# DIRECTIONS FOR THIS TASK
Please retype the listing below, matching every line exactly.

# DATA FOR THIS TASK

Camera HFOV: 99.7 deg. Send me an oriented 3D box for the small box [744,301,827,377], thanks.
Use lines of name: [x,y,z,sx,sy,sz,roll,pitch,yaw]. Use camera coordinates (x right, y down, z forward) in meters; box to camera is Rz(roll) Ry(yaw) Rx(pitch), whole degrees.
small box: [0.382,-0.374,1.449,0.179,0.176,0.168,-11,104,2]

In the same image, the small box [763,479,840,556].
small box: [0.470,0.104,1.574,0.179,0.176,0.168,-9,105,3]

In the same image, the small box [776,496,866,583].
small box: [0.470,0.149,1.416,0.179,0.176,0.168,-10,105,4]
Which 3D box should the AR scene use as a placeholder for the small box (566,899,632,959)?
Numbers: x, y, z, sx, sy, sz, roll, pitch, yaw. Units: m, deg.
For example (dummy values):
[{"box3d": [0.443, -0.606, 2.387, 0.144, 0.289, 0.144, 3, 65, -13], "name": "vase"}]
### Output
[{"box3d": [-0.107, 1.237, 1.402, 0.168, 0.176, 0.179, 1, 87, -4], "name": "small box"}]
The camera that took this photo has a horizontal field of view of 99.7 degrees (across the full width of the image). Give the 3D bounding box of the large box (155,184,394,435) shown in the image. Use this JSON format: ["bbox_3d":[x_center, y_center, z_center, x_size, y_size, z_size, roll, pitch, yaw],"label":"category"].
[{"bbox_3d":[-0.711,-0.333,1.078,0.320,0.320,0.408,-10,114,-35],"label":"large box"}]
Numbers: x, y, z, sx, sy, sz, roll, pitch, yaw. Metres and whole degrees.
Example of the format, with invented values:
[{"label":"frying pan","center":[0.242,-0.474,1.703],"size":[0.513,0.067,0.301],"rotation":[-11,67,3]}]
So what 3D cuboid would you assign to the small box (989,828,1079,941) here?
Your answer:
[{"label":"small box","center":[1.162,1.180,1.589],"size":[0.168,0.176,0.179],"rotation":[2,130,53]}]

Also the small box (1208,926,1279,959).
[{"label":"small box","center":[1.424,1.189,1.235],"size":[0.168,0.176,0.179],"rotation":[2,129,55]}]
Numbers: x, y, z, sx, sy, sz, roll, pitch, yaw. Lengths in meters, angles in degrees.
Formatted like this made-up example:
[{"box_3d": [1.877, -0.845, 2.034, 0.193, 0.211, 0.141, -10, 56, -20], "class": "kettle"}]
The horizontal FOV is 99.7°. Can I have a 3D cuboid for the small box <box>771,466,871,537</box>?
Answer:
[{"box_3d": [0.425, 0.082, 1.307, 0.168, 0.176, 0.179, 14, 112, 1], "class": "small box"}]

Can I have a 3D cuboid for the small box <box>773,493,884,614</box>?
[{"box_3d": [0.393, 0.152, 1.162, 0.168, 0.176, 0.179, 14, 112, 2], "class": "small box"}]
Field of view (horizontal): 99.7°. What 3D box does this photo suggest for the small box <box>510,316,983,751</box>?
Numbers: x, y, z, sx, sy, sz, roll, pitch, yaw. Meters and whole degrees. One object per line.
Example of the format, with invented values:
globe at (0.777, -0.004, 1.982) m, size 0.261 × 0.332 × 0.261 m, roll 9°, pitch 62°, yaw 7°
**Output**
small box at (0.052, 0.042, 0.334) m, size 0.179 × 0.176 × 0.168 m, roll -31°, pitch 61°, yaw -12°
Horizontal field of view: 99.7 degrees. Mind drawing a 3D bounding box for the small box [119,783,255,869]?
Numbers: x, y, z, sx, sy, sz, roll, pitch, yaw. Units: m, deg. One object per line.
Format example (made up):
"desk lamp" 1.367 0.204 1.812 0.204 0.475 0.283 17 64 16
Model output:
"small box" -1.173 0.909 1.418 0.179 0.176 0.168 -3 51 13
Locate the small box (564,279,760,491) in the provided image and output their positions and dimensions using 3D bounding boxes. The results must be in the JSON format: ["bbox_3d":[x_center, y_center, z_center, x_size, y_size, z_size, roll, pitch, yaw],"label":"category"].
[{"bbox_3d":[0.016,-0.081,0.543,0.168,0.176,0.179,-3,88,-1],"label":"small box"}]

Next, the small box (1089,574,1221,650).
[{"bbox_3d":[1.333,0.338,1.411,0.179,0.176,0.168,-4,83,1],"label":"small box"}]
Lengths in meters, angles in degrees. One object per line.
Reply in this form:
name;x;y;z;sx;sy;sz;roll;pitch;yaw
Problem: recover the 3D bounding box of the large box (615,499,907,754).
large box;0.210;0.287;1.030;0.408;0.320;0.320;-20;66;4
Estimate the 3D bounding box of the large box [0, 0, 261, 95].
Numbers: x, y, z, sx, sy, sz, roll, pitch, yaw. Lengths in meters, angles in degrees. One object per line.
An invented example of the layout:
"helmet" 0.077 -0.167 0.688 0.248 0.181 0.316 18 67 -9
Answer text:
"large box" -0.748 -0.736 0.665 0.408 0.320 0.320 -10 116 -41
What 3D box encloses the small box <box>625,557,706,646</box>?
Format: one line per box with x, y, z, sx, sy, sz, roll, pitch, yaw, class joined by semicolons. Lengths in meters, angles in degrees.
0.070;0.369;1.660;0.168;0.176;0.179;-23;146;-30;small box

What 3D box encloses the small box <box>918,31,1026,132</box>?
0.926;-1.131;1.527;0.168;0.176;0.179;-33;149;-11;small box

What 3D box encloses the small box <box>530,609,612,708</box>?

# RESULT FOR THIS EXERCISE
Camera HFOV: 99.7 deg. Send me an oriented 3D box for the small box [744,301,827,377], thanks.
Use lines of name: [x,y,z,sx,sy,sz,roll,pitch,yaw]. Use camera coordinates (x right, y down, z forward) in meters; box to camera is Rz(roll) Ry(yaw) Rx(pitch), whole degrees.
small box: [0.382,-0.374,1.449,0.179,0.176,0.168,-11,104,2]

In the same image, the small box [763,479,840,556].
small box: [0.470,0.104,1.574,0.179,0.176,0.168,-9,105,3]

In the same image, the small box [776,496,866,583].
small box: [0.470,0.149,1.416,0.179,0.176,0.168,-10,105,4]
Which 3D box should the AR scene use as a placeholder for the small box (566,899,632,959)?
Numbers: x, y, z, sx, sy, sz, roll, pitch, yaw. Units: m, deg.
For example (dummy values):
[{"box3d": [0.443, -0.606, 2.387, 0.144, 0.289, 0.144, 3, 65, -13], "name": "vase"}]
### Output
[{"box3d": [-0.107, 1.237, 1.402, 0.168, 0.176, 0.179, 1, 87, -4], "name": "small box"}]
The camera that took this photo has a horizontal field of view of 99.7 degrees (across the full width of the image). Give the 3D bounding box of the large box (155,184,394,435) shown in the image. Use this JSON format: ["bbox_3d":[x_center, y_center, z_center, x_size, y_size, z_size, roll, pitch, yaw],"label":"category"].
[{"bbox_3d":[-0.711,-0.333,1.078,0.320,0.320,0.408,-10,114,-35],"label":"large box"}]
Numbers: x, y, z, sx, sy, sz, roll, pitch, yaw. Metres and whole degrees.
Example of the format, with invented values:
[{"label":"frying pan","center":[0.242,-0.474,1.703],"size":[0.513,0.067,0.301],"rotation":[-11,67,3]}]
So what 3D cuboid would you assign to the small box (989,828,1079,941) here?
Your answer:
[{"label":"small box","center":[1.162,1.180,1.589],"size":[0.168,0.176,0.179],"rotation":[2,130,53]}]

Also the small box (1208,926,1279,959).
[{"label":"small box","center":[1.424,1.189,1.235],"size":[0.168,0.176,0.179],"rotation":[2,129,55]}]
Numbers: x, y, z, sx, sy, sz, roll, pitch, yaw. Lengths in meters, angles in degrees.
Formatted like this made-up example:
[{"box_3d": [1.877, -0.845, 2.034, 0.193, 0.211, 0.141, -10, 56, -20], "class": "kettle"}]
The horizontal FOV is 99.7°. Can I have a 3D cuboid for the small box <box>771,466,871,537</box>?
Answer:
[{"box_3d": [0.425, 0.082, 1.307, 0.168, 0.176, 0.179, 14, 112, 1], "class": "small box"}]

Can I have a 3D cuboid for the small box <box>773,493,884,614</box>?
[{"box_3d": [0.393, 0.152, 1.162, 0.168, 0.176, 0.179, 14, 112, 2], "class": "small box"}]
Field of view (horizontal): 99.7°. What 3D box does this photo suggest for the small box <box>510,316,983,751</box>?
Numbers: x, y, z, sx, sy, sz, roll, pitch, yaw. Meters and whole degrees. One object per line.
Example of the format, with invented values:
globe at (0.777, -0.004, 1.982) m, size 0.261 × 0.332 × 0.261 m, roll 9°, pitch 62°, yaw 7°
**Output**
small box at (0.052, 0.042, 0.334) m, size 0.179 × 0.176 × 0.168 m, roll -31°, pitch 61°, yaw -12°
Horizontal field of view: 99.7 degrees. Mind drawing a 3D bounding box for the small box [119,783,255,869]?
Numbers: x, y, z, sx, sy, sz, roll, pitch, yaw. Units: m, deg. One object per line.
Format example (made up):
"desk lamp" 1.367 0.204 1.812 0.204 0.475 0.283 17 64 16
Model output:
"small box" -1.173 0.909 1.418 0.179 0.176 0.168 -3 51 13
Locate the small box (564,279,760,491) in the provided image and output their positions and dimensions using 3D bounding boxes. The results must be in the JSON format: ["bbox_3d":[x_center, y_center, z_center, x_size, y_size, z_size, roll, pitch, yaw],"label":"category"].
[{"bbox_3d":[0.016,-0.081,0.543,0.168,0.176,0.179,-3,88,-1],"label":"small box"}]

Next, the small box (1089,574,1221,650).
[{"bbox_3d":[1.333,0.338,1.411,0.179,0.176,0.168,-4,83,1],"label":"small box"}]
Lengths in meters, angles in degrees. One object per line.
Reply in this form:
name;x;y;z;sx;sy;sz;roll;pitch;yaw
Problem: recover the 3D bounding box of the large box (615,499,907,754).
large box;0.210;0.287;1.030;0.408;0.320;0.320;-20;66;4
Estimate the 3D bounding box of the large box [0, 0, 261, 95].
Numbers: x, y, z, sx, sy, sz, roll, pitch, yaw. Lengths in meters, angles in degrees. One object per line.
An invented example of the layout:
"helmet" 0.077 -0.167 0.688 0.248 0.181 0.316 18 67 -9
Answer text:
"large box" -0.748 -0.736 0.665 0.408 0.320 0.320 -10 116 -41
What 3D box encloses the small box <box>625,557,706,646</box>?
Format: one line per box with x, y, z, sx, sy, sz, roll, pitch, yaw, class joined by semicolons. Lengths in meters, angles in degrees.
0.070;0.369;1.660;0.168;0.176;0.179;-23;146;-30;small box

What 3D box encloses the small box <box>918,31,1026,132</box>?
0.926;-1.131;1.527;0.168;0.176;0.179;-33;149;-11;small box

What 3D box encloses the small box <box>530,609,612,708</box>?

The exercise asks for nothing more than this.